*AIM OF THE TASK:*
All entries are to be copied exactly, with pictures removed.

*DATASET ENTRIES:*
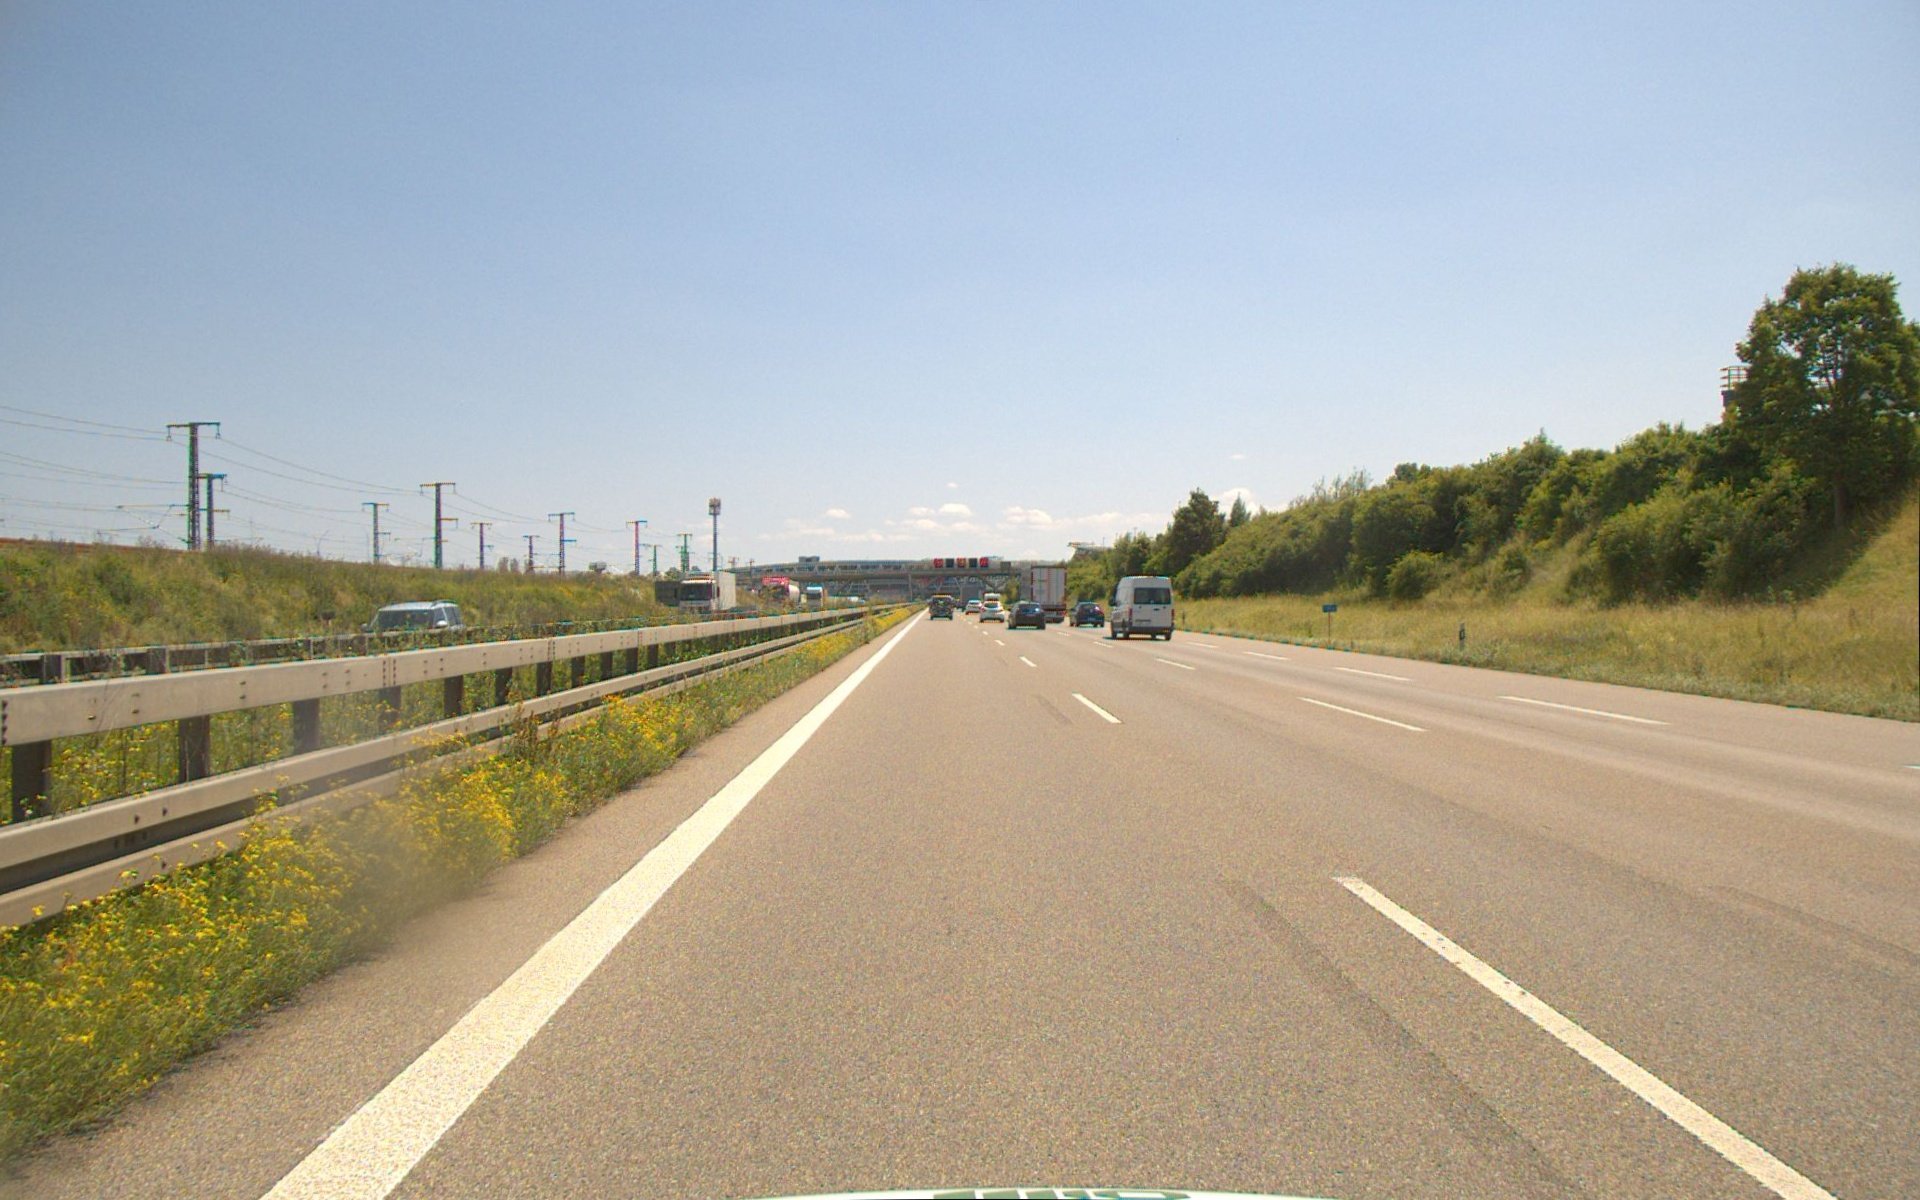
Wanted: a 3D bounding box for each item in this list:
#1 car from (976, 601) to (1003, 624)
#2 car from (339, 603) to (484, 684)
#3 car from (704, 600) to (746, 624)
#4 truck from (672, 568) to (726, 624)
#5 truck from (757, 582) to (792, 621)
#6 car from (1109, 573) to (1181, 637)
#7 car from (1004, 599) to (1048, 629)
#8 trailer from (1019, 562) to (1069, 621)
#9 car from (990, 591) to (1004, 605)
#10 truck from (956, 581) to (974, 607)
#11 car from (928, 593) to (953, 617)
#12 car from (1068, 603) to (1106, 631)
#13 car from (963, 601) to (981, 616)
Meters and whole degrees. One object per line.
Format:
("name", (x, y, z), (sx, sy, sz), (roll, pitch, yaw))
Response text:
("car", (2.101, 0.910, 116.955), (1.841, 1.553, 4.001), (1, -1, 2))
("car", (-12.666, 0.954, 38.513), (1.953, 1.765, 4.555), (0, 0, -2))
("car", (-13.969, 0.699, 98.408), (1.953, 1.329, 4.202), (-1, 0, -2))
("truck", (-17.022, -0.248, 107.981), (2.731, 3.447, 4.712), (2, 0, -1))
("truck", (-17.889, 0.143, 159.846), (2.731, 3.583, 4.712), (2, 0, -1))
("car", (7.721, 0.206, 69.551), (2.228, 2.572, 5.397), (0, 0, -2))
("car", (3.563, 0.762, 89.822), (1.954, 1.534, 3.997), (2, -1, -3))
("trailer", (6.106, -0.640, 121.673), (3.113, 4.130, 9.438), (-1, 0, -1))
("car", (5.565, -0.266, 247.943), (1.952, 2.049, 4.437), (0, 0, 1))
("truck", (0.671, -0.860, 227.218), (2.307, 3.476, 6.056), (0, 0, -1))
("car", (-1.512, 0.410, 127.329), (1.842, 1.806, 3.999), (0, -1, -1))
("car", (7.811, 1.074, 102.122), (1.953, 1.624, 3.998), (2, -1, -1))
("car", (1.284, 0.875, 177.262), (1.842, 1.553, 4.000), (1, -1, 0))

*ANSWER BELOW:*
Wanted: a 3D bounding box for each item in this list:
#1 car from (976, 601) to (1003, 624)
#2 car from (339, 603) to (484, 684)
#3 car from (704, 600) to (746, 624)
#4 truck from (672, 568) to (726, 624)
#5 truck from (757, 582) to (792, 621)
#6 car from (1109, 573) to (1181, 637)
#7 car from (1004, 599) to (1048, 629)
#8 trailer from (1019, 562) to (1069, 621)
#9 car from (990, 591) to (1004, 605)
#10 truck from (956, 581) to (974, 607)
#11 car from (928, 593) to (953, 617)
#12 car from (1068, 603) to (1106, 631)
#13 car from (963, 601) to (981, 616)
Meters and whole degrees. One object per line.
Format:
("name", (x, y, z), (sx, sy, sz), (roll, pitch, yaw))
Response text:
("car", (2.101, 0.910, 116.955), (1.841, 1.553, 4.001), (1, -1, 2))
("car", (-12.666, 0.954, 38.513), (1.953, 1.765, 4.555), (0, 0, -2))
("car", (-13.969, 0.699, 98.408), (1.953, 1.329, 4.202), (-1, 0, -2))
("truck", (-17.022, -0.248, 107.981), (2.731, 3.447, 4.712), (2, 0, -1))
("truck", (-17.889, 0.143, 159.846), (2.731, 3.583, 4.712), (2, 0, -1))
("car", (7.721, 0.206, 69.551), (2.228, 2.572, 5.397), (0, 0, -2))
("car", (3.563, 0.762, 89.822), (1.954, 1.534, 3.997), (2, -1, -3))
("trailer", (6.106, -0.640, 121.673), (3.113, 4.130, 9.438), (-1, 0, -1))
("car", (5.565, -0.266, 247.943), (1.952, 2.049, 4.437), (0, 0, 1))
("truck", (0.671, -0.860, 227.218), (2.307, 3.476, 6.056), (0, 0, -1))
("car", (-1.512, 0.410, 127.329), (1.842, 1.806, 3.999), (0, -1, -1))
("car", (7.811, 1.074, 102.122), (1.953, 1.624, 3.998), (2, -1, -1))
("car", (1.284, 0.875, 177.262), (1.842, 1.553, 4.000), (1, -1, 0))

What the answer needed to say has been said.